The Health and Human Services perinatal HIV guidelines do not recommend use of this fixed-dose 2-drug combination in pregnant females living with HIV who are antiretroviral naive, who have had antiretroviral therapy (ART) in the past but are restarting, who require a new ART regimen (due to poor tolerance or poor virologic response of current regimen), and who are not yet pregnant but are trying to conceive. For females who become pregnant while taking this combination as a complete regimen, the regimen should be changed, or additional agents added (2-drug regimens are not recommended during pregnancy) (HHS [perinatal] 2019).

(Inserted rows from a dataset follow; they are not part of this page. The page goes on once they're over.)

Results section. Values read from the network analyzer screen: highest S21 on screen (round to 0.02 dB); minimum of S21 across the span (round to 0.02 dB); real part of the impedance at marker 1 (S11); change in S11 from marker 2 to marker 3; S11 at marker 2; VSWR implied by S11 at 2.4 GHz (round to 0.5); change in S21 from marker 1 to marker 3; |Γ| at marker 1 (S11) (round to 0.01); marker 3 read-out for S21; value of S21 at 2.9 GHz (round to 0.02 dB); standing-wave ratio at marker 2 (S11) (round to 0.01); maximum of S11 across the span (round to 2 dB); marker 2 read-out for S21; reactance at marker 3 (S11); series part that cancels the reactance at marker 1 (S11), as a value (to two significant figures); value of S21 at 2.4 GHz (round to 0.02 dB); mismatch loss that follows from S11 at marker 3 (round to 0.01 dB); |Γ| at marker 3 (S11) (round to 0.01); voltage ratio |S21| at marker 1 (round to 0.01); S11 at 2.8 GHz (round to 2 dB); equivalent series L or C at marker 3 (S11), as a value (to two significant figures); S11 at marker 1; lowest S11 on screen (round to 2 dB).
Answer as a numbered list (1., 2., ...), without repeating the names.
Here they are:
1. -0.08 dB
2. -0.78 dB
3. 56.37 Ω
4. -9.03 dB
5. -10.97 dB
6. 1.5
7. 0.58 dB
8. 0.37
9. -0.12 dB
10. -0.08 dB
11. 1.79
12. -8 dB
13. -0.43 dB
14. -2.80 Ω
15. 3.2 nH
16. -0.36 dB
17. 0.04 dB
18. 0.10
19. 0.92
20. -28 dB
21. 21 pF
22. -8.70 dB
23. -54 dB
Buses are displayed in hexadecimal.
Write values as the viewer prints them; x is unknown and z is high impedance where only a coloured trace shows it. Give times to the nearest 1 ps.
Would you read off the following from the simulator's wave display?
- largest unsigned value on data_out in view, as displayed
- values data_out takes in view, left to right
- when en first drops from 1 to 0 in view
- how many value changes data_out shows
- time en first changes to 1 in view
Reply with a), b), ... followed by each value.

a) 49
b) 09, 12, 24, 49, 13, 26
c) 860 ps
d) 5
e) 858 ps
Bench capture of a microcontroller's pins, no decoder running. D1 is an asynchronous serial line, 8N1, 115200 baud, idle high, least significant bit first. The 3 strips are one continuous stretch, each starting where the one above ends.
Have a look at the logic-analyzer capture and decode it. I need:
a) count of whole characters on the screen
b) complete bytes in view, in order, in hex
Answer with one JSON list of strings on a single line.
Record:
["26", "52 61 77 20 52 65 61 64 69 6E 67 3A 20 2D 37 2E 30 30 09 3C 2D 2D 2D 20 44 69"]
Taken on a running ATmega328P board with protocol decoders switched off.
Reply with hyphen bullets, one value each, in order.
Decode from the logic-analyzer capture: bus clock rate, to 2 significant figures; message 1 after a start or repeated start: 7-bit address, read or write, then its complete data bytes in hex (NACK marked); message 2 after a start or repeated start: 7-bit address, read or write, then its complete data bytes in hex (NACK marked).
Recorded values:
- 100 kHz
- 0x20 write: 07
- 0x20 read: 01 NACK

Refer to individual monographs for additional information.

Patient Education

  • Discuss specific use of drug and side effects with patient as it relates to treatment. (HCAHPS: During this hospital stay, were you given any medicine that you had not taken before? Before giving you any new medicine, how often did hospital staff tell you what the medicine was for? How often did hospital staff describe possible side effects in a way you could understand?)
  • Patient may experience headache, diarrhea, nausea, or trouble sleeping. Have patient report immediately to prescriber signs of liver problems (dark urine, fatigue, lack of appetite, nausea, abdominal pain, light-colored stools, vomiting, or yellow skin), signs of lactic acidosis (fast breathing, fast heartbeat, abnormal heartbeat, vomiting, fatigue, shortness of breath, severe loss of strength and energy, severe dizziness, feeling cold, or muscle pain or cramps), signs of pancreatitis (severe abdominal pain, severe back pain, severe nausea, or vomiting), muscle pain, joint pain, mouth sores, eye irritation, shortness of breath, severe loss of strength and energy, or signs of infection (HCAHPS).
  • Educate patient about signs of a significant reaction (eg, wheezing; chest tightness; fever; itching; bad cough; blue skin color; seizures; or swelling of face, lips, tongue, or throat). Note: This is not a comprehensive list of all side effects. Patient should consult prescriber for additional questions.

Intended Use and Disclaimer: Should not be printed and given to patients. This information is intended to serve as a concise initial reference for health care professionals to use when discussing medications with a patient. You must ultimately rely on your own discretion, experience, and judgment in diagnosing, treating, and advising patients.